The last week in MLB was about a team in the National League declining to deal one of their best players last season, a starting pitcher in the American League will be sidelined for the entire 2019 season, and a catcher decides to retire.
Washington Nationals Ownership Declined Deal to Trade Outfielder Bryce Harper
The Washington Nationals had a deal in place to send outfielder Bryce Harper to the Houston Astros on July 30, but the Nationals ownership declined the deal, per Ken Rosenthal of The Athletic.
— Ken Rosenthal (@Ken_Rosenthal) November 10, 2018
The Astros would have sent right-handed pitcher J.B. Bukauskas and two other minor league players to the Nationals. Catcher Garrett Stubbs could have been included in the deal as well.
Bukauskas was the 15th overall pick in the 2017 draft but was injured for the first three months of last season due to a slipped disc in his thoracic spine.
He was solid after returning, by producing a 2.14 ERA in 59 innings.
Stubbs was an eighth-round pick in 2015, who accumulated a .310 batting average and .836 OPS in 84 games at Triple-A last year.
The interesting part regarding this nixed deal by the Nationals is they will only receive a compensatory pick after the fourth round of next year’s MLB draft once Harper declines the $17.9 million qualifying offer.
The Astros deal would have been very beneficial for the Nationals in the long-term.
At the time the deal was agreed upon on July 30, the Nats were 53-52, 5 ½ back in the National League East.
They had underperformed at that juncture of the season and expecting them to turn things around wasn’t going to happen.
The Nationals did make an offer to Harper on the last day of the regular season, per Chelsea Janes of the Washington Post.
Nationals’ offer to Bryce Harper was roughly $300 million for 10 years — so an AAV of $30 million — according to multiple people familiar with it. No opt outs.

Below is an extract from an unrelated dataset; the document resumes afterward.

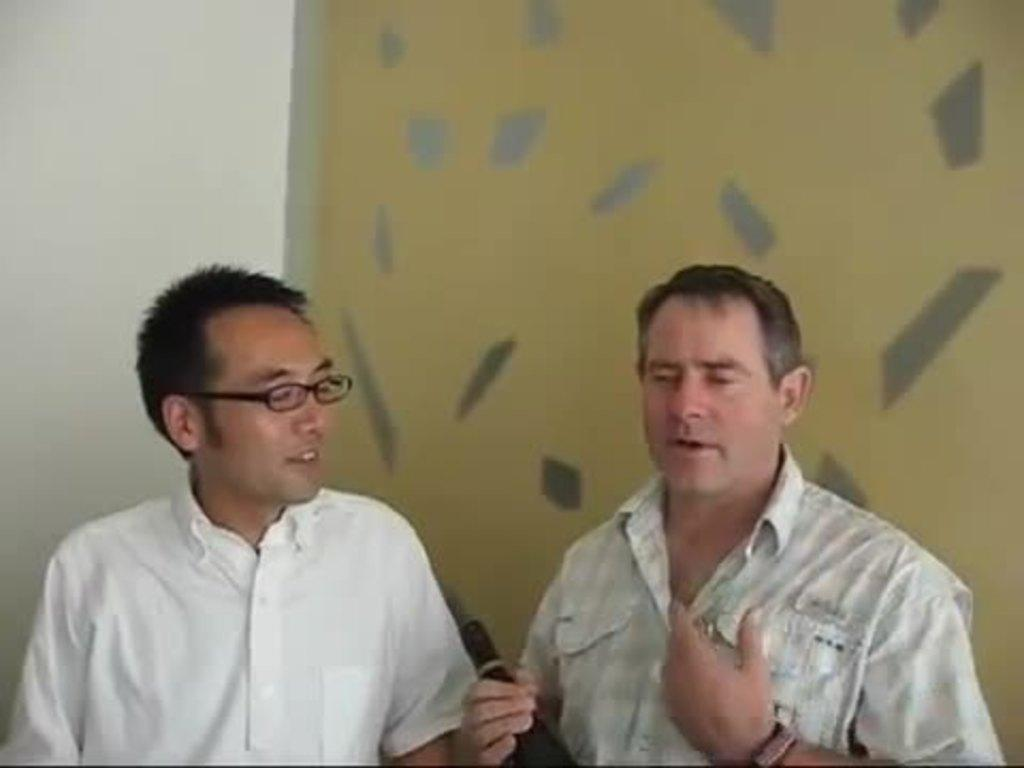How many people are in the image? There are two men in the image. What is one of the men holding? One of the men is holding a bottle. What can be seen in the background of the image? There is a wall in the background of the image. What type of eggs can be seen on the wall in the image? There are no eggs present in the image; only two men and a wall are visible. 
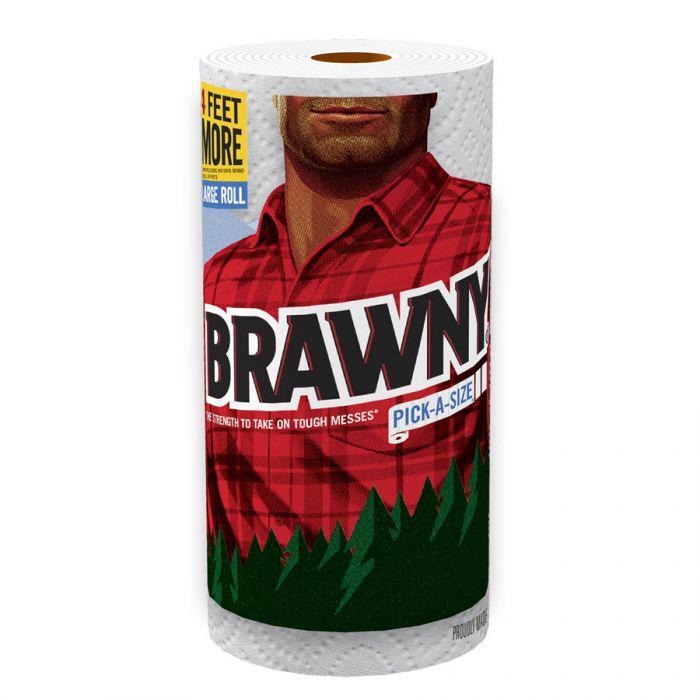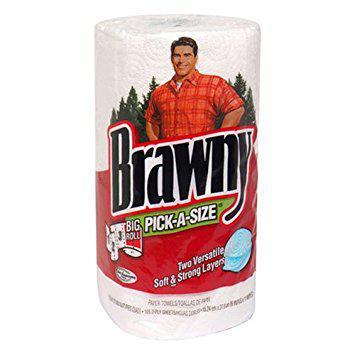The first image is the image on the left, the second image is the image on the right. Analyze the images presented: Is the assertion "There are at least six rolls of paper towels in the package on the left." valid? Answer yes or no. No. The first image is the image on the left, the second image is the image on the right. Analyze the images presented: Is the assertion "At least one image contains a single upright paper towel roll in a wrapper that features a red plaid shirt." valid? Answer yes or no. Yes.

— Chelsea Janes (@chelsea_janes) November 7, 2018
Harper did reject the contract offer as he’s looking for a bigger deal.
The interesting part about the deal is there was no inclusion of an opt-out clause or a no-trade clause. It was a nice offer, but Harper is expected to sign with another team.
The Nationals ownership should have agreed to the deal with the Astros, and then take their chances with re-signing Harper in free agency.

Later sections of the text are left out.